By this time, I have two collections of texts - the training set and the set I want to use for predictions. I click on the "more like these" button and am able to choose which classifier I want to use for the automatic text classification: Naïve Bayes or SVM. If I'm not sure what these mean, I'm able to hover over for a short, layman's terms explanation of each classifier. I also can click to take me to the more robust documentation with technical information. I make my selection, and I'm given an estimate of how much time this could take. I've built a large collection, so I'm okay with the fact that it will take a while. I wander off to get some coffee.

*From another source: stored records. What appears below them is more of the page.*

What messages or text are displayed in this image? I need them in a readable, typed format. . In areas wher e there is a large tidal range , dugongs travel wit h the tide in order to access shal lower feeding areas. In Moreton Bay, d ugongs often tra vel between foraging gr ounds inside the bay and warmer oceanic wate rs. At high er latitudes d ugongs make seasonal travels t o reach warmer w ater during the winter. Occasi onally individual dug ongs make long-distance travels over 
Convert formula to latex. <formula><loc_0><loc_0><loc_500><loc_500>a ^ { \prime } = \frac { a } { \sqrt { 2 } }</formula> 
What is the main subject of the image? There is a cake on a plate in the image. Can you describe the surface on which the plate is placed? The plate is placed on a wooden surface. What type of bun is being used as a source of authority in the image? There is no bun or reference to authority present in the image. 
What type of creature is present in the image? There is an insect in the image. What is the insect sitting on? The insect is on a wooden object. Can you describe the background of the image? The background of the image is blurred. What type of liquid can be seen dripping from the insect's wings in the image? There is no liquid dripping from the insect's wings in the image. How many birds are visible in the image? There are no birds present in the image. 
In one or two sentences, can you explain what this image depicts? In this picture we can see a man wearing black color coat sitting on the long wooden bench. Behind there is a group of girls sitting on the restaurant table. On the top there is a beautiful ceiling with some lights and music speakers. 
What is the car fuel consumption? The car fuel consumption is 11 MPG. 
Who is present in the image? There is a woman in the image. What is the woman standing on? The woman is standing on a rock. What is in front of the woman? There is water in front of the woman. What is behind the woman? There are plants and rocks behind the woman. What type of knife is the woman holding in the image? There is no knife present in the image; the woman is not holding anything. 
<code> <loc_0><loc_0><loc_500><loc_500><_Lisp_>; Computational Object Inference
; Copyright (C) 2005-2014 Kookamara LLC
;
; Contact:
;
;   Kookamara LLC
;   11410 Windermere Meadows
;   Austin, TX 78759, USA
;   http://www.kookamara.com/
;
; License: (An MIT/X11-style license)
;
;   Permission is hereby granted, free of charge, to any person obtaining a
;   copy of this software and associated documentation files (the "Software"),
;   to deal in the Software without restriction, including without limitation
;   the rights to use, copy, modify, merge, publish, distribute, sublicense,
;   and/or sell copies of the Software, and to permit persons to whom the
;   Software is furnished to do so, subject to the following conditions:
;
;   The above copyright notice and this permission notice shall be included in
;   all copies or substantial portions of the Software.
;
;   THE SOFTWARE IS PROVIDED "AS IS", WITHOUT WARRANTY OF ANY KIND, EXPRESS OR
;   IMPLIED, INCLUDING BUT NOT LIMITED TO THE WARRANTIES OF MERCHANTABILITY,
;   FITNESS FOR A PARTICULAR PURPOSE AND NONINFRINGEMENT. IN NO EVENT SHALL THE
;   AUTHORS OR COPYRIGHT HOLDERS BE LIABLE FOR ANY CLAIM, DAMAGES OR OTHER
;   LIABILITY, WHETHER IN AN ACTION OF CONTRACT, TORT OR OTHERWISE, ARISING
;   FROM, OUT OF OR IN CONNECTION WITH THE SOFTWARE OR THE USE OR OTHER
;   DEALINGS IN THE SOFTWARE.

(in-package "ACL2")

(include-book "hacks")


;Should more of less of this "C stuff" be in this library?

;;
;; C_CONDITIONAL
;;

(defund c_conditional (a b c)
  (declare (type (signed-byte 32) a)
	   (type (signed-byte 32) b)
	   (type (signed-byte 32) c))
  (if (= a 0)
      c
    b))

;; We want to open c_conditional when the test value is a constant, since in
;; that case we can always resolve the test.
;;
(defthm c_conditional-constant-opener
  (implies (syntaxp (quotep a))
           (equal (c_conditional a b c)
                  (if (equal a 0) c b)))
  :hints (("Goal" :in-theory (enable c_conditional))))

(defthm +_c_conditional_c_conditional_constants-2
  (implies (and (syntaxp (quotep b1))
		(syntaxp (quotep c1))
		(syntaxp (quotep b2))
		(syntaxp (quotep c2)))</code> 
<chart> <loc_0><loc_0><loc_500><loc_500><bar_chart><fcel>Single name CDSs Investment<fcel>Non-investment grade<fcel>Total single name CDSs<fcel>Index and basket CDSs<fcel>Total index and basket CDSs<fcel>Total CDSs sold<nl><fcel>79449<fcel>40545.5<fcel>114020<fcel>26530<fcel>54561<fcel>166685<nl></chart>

When I return, MONK has done its magic. There are a few ways I can view the results. I can see a visual which clusters the sections of texts according to their sentimentality. If I'm more numbers-oriented, I can toggle to a screen that lists the text sections according to their similarity ratios. If I'm interested in the back-end, I can move to a screen that lists the features that were used for the classification.
I look at the list or the visual and see that, for a certain novel, the chapters keep showing up in ways that I think are interesting. I decide I'd like to see the distribution of sentimentality across that novel. By selecting one of the chapters, I'm able to choose to re-group all the chapters of that novel (or at least the ones I included in the prediction set) and visualize how they rank. MONK remembers where chapters are in the novel so I see a progression over the timespan of the novel (first chapter to last).
Ultimately, I am presented with a list of chapters from texts that are similar to my training set - other sentimental moments. I am also provided with the features that are similar, so that I can better understand what comprises a sentimental moment.
|